Fuel bundles for boiling water nuclear reactors can be generally summarized as to their construction. They include a lower tie plate, an upper tie plate and a plurality of vertically upstanding fuel rods there between. Insofar as is relevant to this invention, a fuel bundle channel surrounds the lower tie plate, extends around the fuel rods to the upper tie plate, and forms a confined fluid flow path unique to each fuel bundle. This flow path between the tie plates is essentially isolated from both other fuel bundles and the surrounding core by-pass region about the fuel bundles.
The lower tie plate supports the fuel rods and permits the entry of water for both the generation of steam and moderation of fast moving electrons from the nuclear reaction in the fuel rods to slower moving electrons to continue the nuclear reaction. The upper tie plate allows the escape of water and generated steam. It is from the escaped steam that power is ultimately generated, this generation occurring typically in a turbine that is remote from the reactor.
The fuel rods within the fuel bundle are long and slender--typically being in the range of 160 inches in length. These fuel rods are all placed within a square matrix 51/4 inches on a side (dimension is approximate). The modern tendency to enable both improved nuclear performance and steam generation efficiency has been to place increasing numbers of discrete fuel rods into the same 51/4 inch square section. Currently densities of fuel rods are known that include 8 by 8, 9 by 9, and 10 by 10, matrices of fuel rods. With the dense fuel bundle arrays, the individual fuel rods become smaller of diameter and the fuel rods become more flexible between the upper and lower tie plate.

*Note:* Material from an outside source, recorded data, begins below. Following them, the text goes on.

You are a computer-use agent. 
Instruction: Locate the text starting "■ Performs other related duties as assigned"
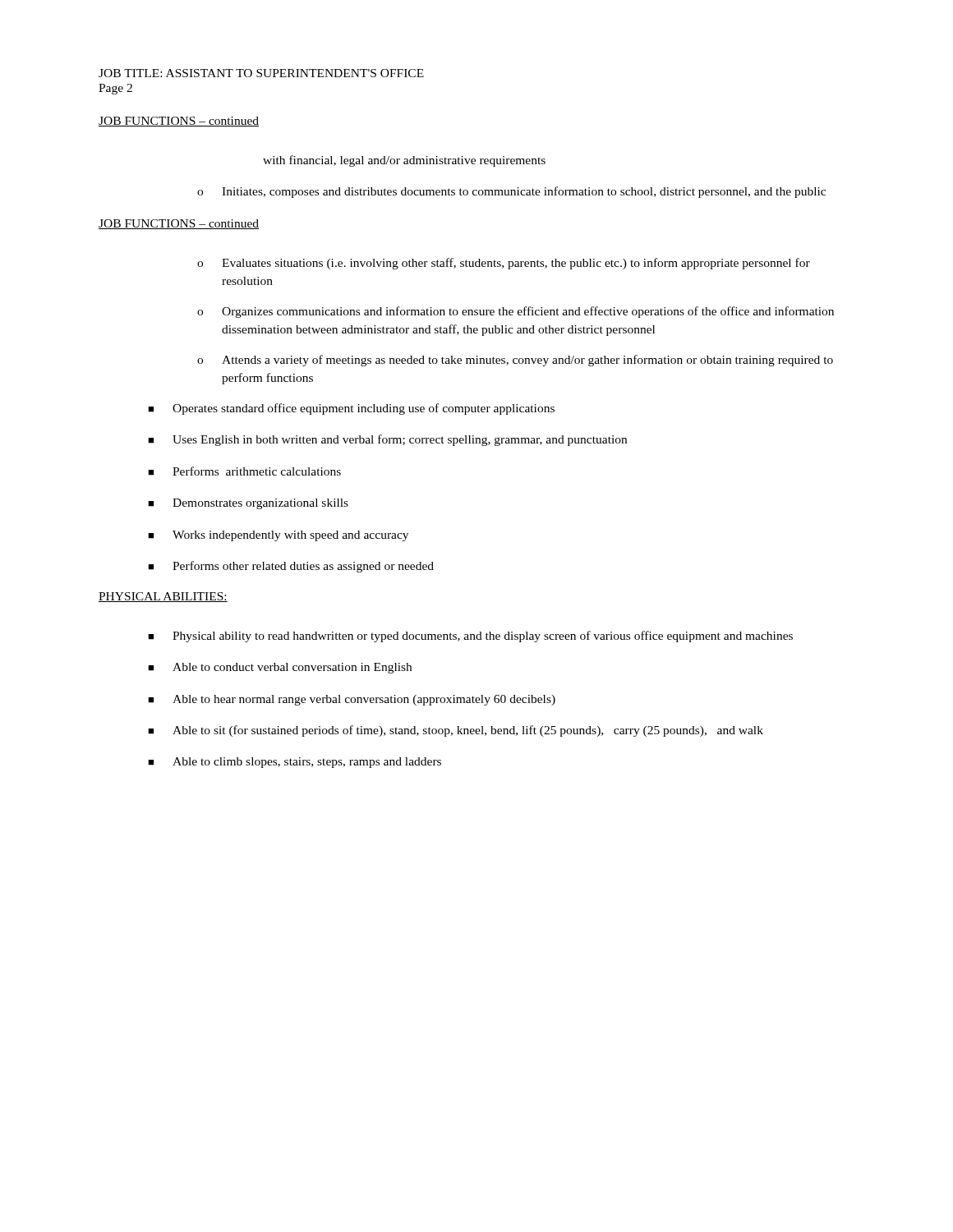point(291,566)
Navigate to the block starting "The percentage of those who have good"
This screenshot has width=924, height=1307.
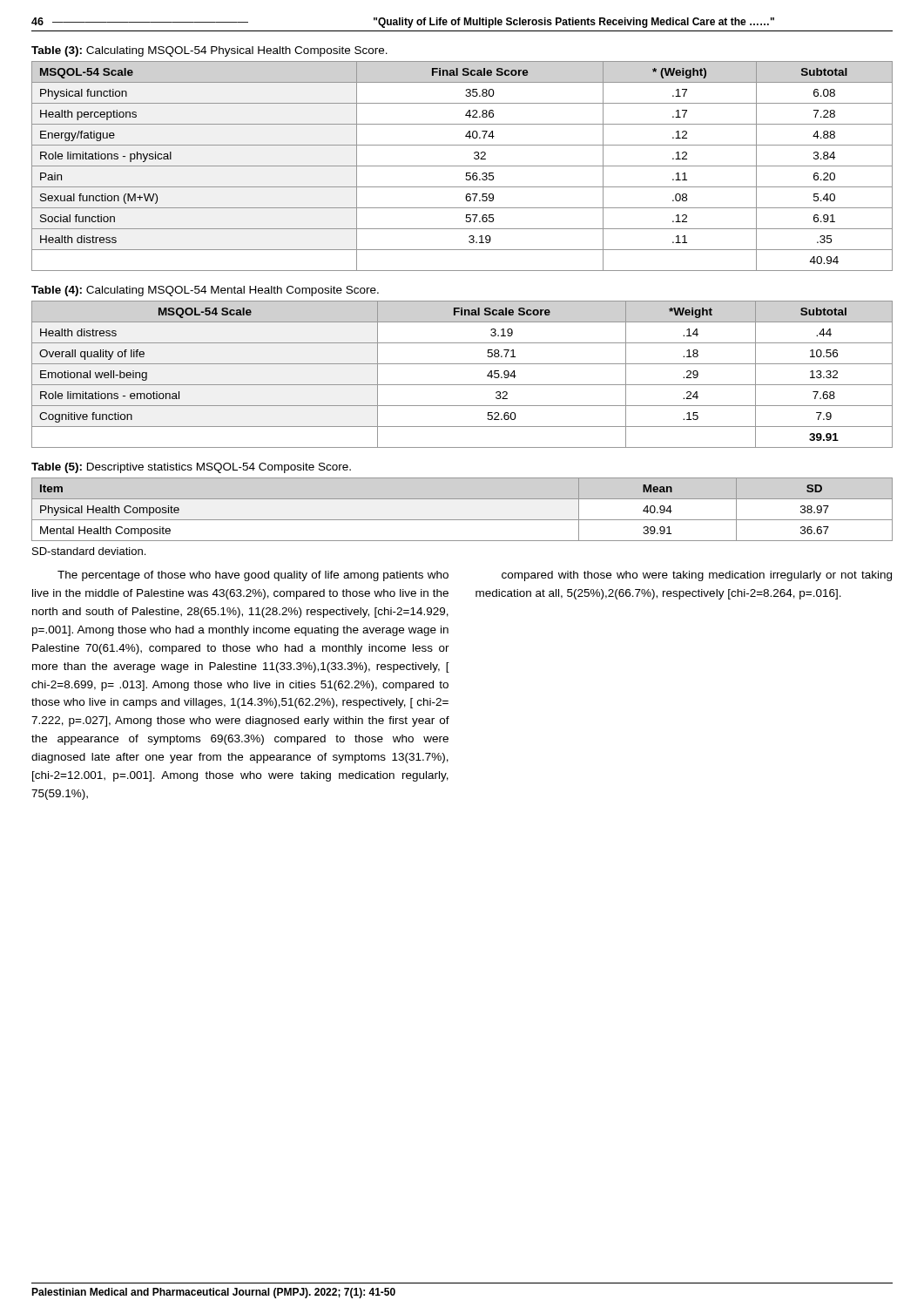pyautogui.click(x=240, y=685)

Water and steam fluid flow through the fuel bundles causes the long slender fuel rods to become subject to vibration. Without restraint, the fuel bundles could come into abrading contact and lose their required sealing of their contained nuclear fuel. Further, when the fuel rods move out of alignment, they lose designed nuclear efficiency which is realized when the rods maintain precise designed side-by-side spacing. Accordingly, it has long been the accepted practice of the nuclear industry to incorporate so-called fuel rod spacers at varied elevations within the fuel bundles.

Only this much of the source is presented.